Directions:
Output, verbatim and without pictures, the lines from the first line of the listing through the line containing "to 325<fcel>217 to".

(Records for the task begins)

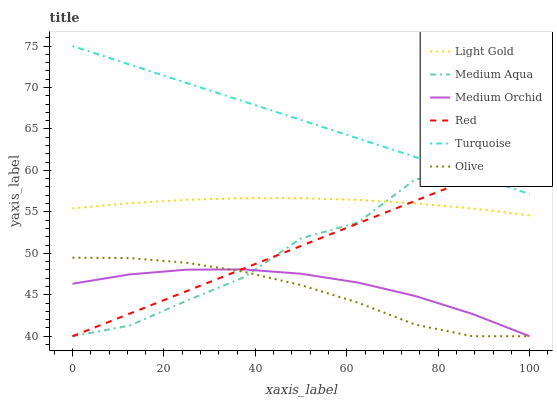Does Olive have the minimum area under the curve?
Answer yes or no. Yes. Does Turquoise have the maximum area under the curve?
Answer yes or no. Yes. Does Medium Orchid have the minimum area under the curve?
Answer yes or no. No. Does Medium Orchid have the maximum area under the curve?
Answer yes or no. No. Is Red the smoothest?
Answer yes or no. Yes. Is Medium Aqua the roughest?
Answer yes or no. Yes. Is Medium Orchid the smoothest?
Answer yes or no. No. Is Medium Orchid the roughest?
Answer yes or no. No. Does Medium Orchid have the lowest value?
Answer yes or no. Yes. Does Light Gold have the lowest value?
Answer yes or no. No. Does Turquoise have the highest value?
Answer yes or no. Yes. Does Medium Aqua have the highest value?
Answer yes or no. No. Is Medium Orchid less than Light Gold?
Answer yes or no. Yes. Is Light Gold greater than Olive?
Answer yes or no. Yes. Does Turquoise intersect Red?
Answer yes or no. Yes. Is Turquoise less than Red?
Answer yes or no. No. Is Turquoise greater than Red?
Answer yes or no. No. Does Medium Orchid intersect Light Gold?
Answer yes or no. No. 
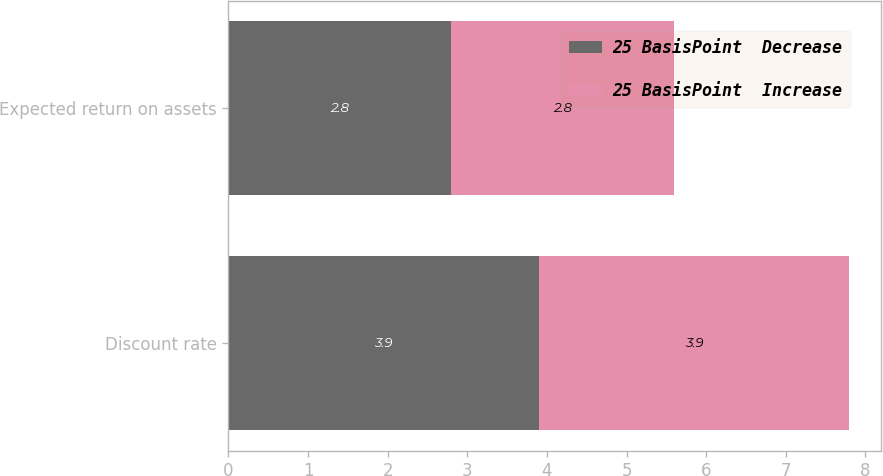Convert chart. <chart><loc_0><loc_0><loc_500><loc_500><stacked_bar_chart><ecel><fcel>Discount rate<fcel>Expected return on assets<nl><fcel>25 BasisPoint  Decrease<fcel>3.9<fcel>2.8<nl><fcel>25 BasisPoint  Increase<fcel>3.9<fcel>2.8<nl></chart> 
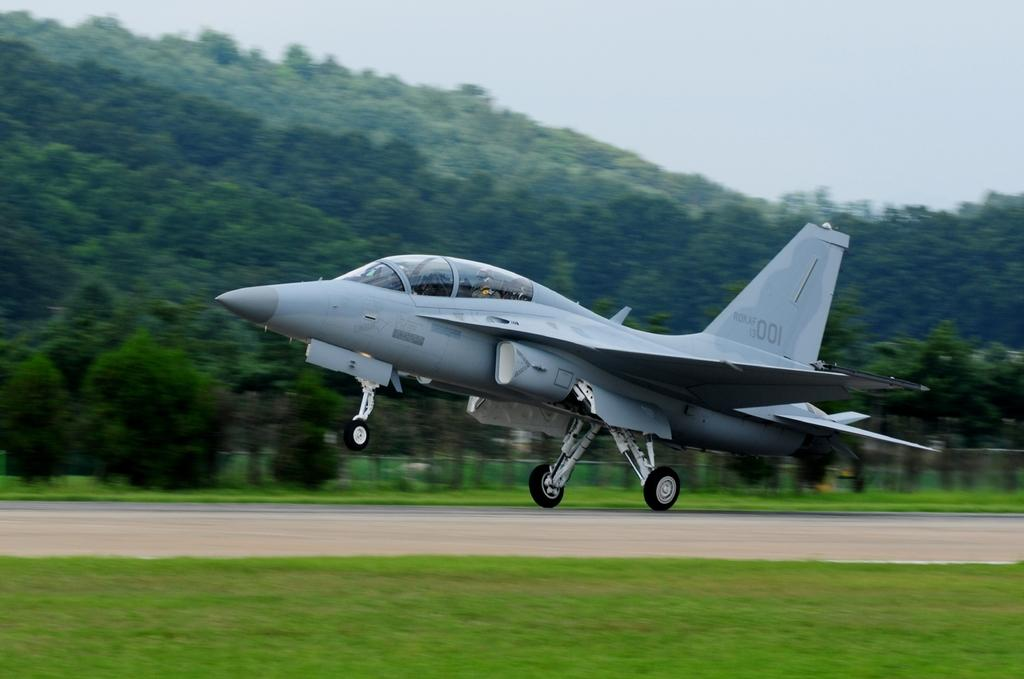Provide a one-sentence caption for the provided image. A small jet can be seen with the numbers 001 fainly on the tail. 
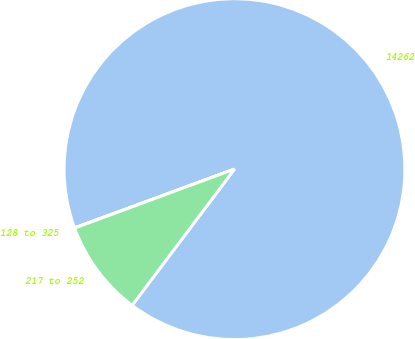<chart> <loc_0><loc_0><loc_500><loc_500><pie_chart><fcel>14262<fcel>128 to 325<fcel>217 to 252<nl><fcel>90.85%<fcel>0.03%<fcel>9.11%<nl></chart> 
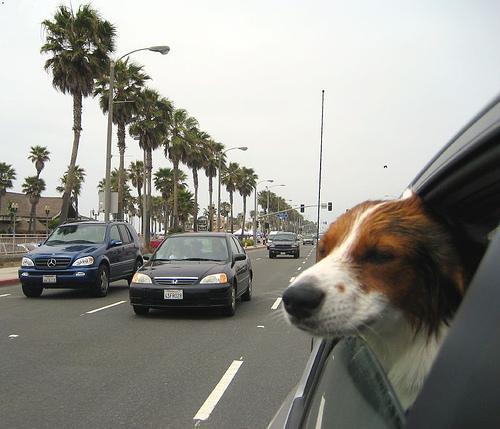How many cars are in the photo?
Give a very brief answer. 3. 
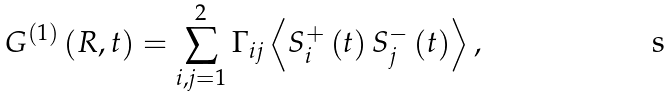<formula> <loc_0><loc_0><loc_500><loc_500>G ^ { \left ( 1 \right ) } \left ( { R } , t \right ) = \sum _ { i , j = 1 } ^ { 2 } \Gamma _ { i j } \left \langle S _ { i } ^ { + } \left ( t \right ) S _ { j } ^ { - } \left ( t \right ) \right \rangle ,</formula>

(Records for the task ends)

Task output:
Does Olive have the minimum area under the curve?
Answer yes or no. Yes. Does Turquoise have the maximum area under the curve?
Answer yes or no. Yes. Does Medium Orchid have the minimum area under the curve?
Answer yes or no. No. Does Medium Orchid have the maximum area under the curve?
Answer yes or no. No. Is Red the smoothest?
Answer yes or no. Yes. Is Medium Aqua the roughest?
Answer yes or no. Yes. Is Medium Orchid the smoothest?
Answer yes or no. No. Is Medium Orchid the roughest?
Answer yes or no. No. Does Medium Orchid have the lowest value?
Answer yes or no. Yes. Does Light Gold have the lowest value?
Answer yes or no. No. Does Turquoise have the highest value?
Answer yes or no. Yes. Does Medium Aqua have the highest value?
Answer yes or no. No. Is Medium Orchid less than Light Gold?
Answer yes or no. Yes. Is Light Gold greater than Olive?
Answer yes or no. Yes. Does Turquoise intersect Red?
Answer yes or no. Yes. Is Turquoise less than Red?
Answer yes or no. No. Is Turquoise greater than Red?
Answer yes or no. No. Does Medium Orchid intersect Light Gold?
Answer yes or no. No. 
Convert chart. <chart><loc_0><loc_0><loc_500><loc_500><stacked_bar_chart><ecel><fcel>Discount rate<fcel>Expected return on assets<nl><fcel>25 BasisPoint  Decrease<fcel>3.9<fcel>2.8<nl><fcel>25 BasisPoint  Increase<fcel>3.9<fcel>2.8<nl></chart> 
Provide a one-sentence caption for the provided image. A small jet can be seen with the numbers 001 fainly on the tail. 
<chart> <loc_0><loc_0><loc_500><loc_500><pie_chart><fcel>14262<fcel>128 to 325<fcel>217 to 252<nl><fcel>90.85%<fcel>0.03%<fcel>9.11%<nl></chart> 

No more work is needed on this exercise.